Dose estimates were calculated using dose–response curves (60Co, 0.5 Gy/min) previously generated using a weighted Poisson regression formula following IAEA guidelines as follows [9]: the yield of dicentrics, Y = (0.00146 ± 0.00038) + (0.0269 ± 0.0051) × D + (0.0717 ± 0.0033) × D2 for year 2014–2015; and Y = (0.00105 ± 0.00010) + (0.0355 ± 0.0041) × D + (0.0644 ± 0.0027) × D2 for years 2016–2018, where D is the dose. These two calibration curves were developed by different scorers. The accuracy of reported dose estimates was measured by comparing the actual dose and reported dose. When the actual dose falls within the 95% confidence interval (CI) of a dose estimate, or a reported dose is within 0.5 Gy of the actual dose, dose estimates are considered to be correct. Mean absolute difference (MAD) between estimated dose and actual dose was also calculated.
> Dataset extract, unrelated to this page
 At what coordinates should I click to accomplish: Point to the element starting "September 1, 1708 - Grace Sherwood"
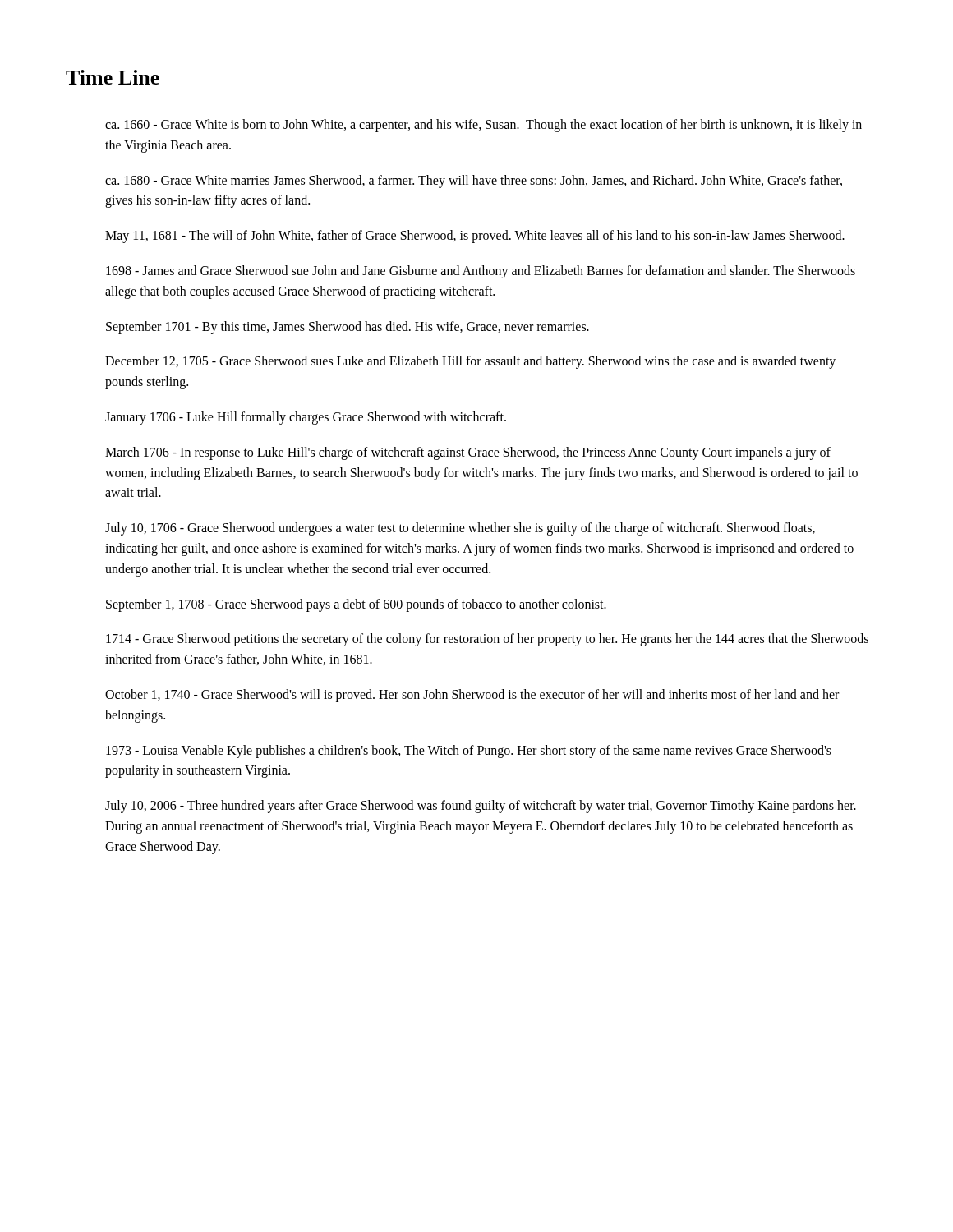(x=356, y=604)

Evaluation of discriminatory power

According to Rothkamm et al. [3], actual doses were merged into binary categories reflecting clinical, diagnostic, and epidemiological significance, using corresponding threshold doses of 0.1 and 1.5 Gy:

  • Classification 1: never versus ever single radiation exposure (0 Gy/≥0.1 Gy) to avoid clinical resources being occupied by the ‘worried well’ (i.e. unexposed individuals who are concerned they may have been exposed);

  • Classification 2: marginal versus higher single radiation exposures (≤0.1 Gy/ >0.1 Gy) to distinguish groups such as those who do not need clinical support from others, where deterministic or stochastic effects in adults may occur or become detectable using epidemiological methods; and

  • Classification 3: lower versus medium-high single radiation exposure (≤1.5 Gy/ >1.5 Gy) to identify the group of patients who will likely experience acute radiation syndrome several days after radiation exposure.
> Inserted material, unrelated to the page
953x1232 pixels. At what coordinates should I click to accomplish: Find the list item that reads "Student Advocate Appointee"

Accuracy, sensitivity and specificity were calculated on the basis of dose estimates as indicators to assess the discriminatory power of the DCA, as follows: Accuracy = (True positive + True negative) ×100/Total; Sensitivity = True positive × 100/(True positive + False negative); and Specificity = True negative × 100/(True negative + False positive). ‘Positive’ is defined as a true dose of ≥0.1 Gy, >0.1 Gy and >1.5 Gy in case of Classification Groups 1, 2 and 3, respectively. ‘Negative’ is defined as a true dose of 0 Gy, ≤0.1 Gy and ≤1.5 Gy in each corresponding classification.

RESULTS

Accuracy of dose estimates using conventional DCA full scoring

To evaluate the accuracy of dose estimates according to a conventional DCA full-scoring method in KIRAMS, actual doses and estimated doses were compared. Figure 1 illustrates the number of samples for which the correct dose was identified in 2014–2018. Actual doses in 3 of 10 samples tested in 2014 were within the 95% CIs of dose estimates, which was considered to be a correct dose estimate. The number of samples with correct dose estimates increased in 2015–2018 [8 of 9 (2015); 7 of 10 samples (2016); and 8 of 10 (2018)]. As shown in Table 1, dose estimates (%) within ± 0.5 Gy of true dose were >60% in 2015–2018 [67% (2015); 90% (2016); and 70% (2018)], and MAD values to illustrate differences between actual dose and reported dose were <0.5 Gy in 2015–2018 [0.26 (2015); 0.21 (2016); and 0.40 (2018)].

Fig. 1.

Fig. 1.

Doses estimated using the conventional dicentric chromosome assay (DCA) full scoring method. The symbols and error bars represent dose estimates and corresponding 95% confidence intervals. The dotted/dashed lines represent actual physical doses and their ±0.5 Gy intervals.

Table 1.

Accuracy of dose estimation according to dicentric chromosome assay scoring methods

Year 2014 Year 2015 Year 2016 Year 2018
Conventional DCA full scoring
 % within 95% CI 30 89 70 80
 % within ±0.5 Gy 60 67 90 70
 MAD (Gy) 0.56 0.26 0.21 0.40
DCA–Triage (Triage mode)
 % within 95% CI 70 89 80 90
 % within ±0.5 Gy 50 78 60 60
 MAD (Gy) 0.60 0.39 0.40 0.41
DCA QuickScana (Triage mode)
 % within 95% CI 80 100 75 100
 % within ±0.5 Gy 50 100 70 75
 MAD (Gy) 0.58 0.28 0.36 0.36

aAveraged value from one or two scorers were displayed. DCA = dicentric chromosome assay.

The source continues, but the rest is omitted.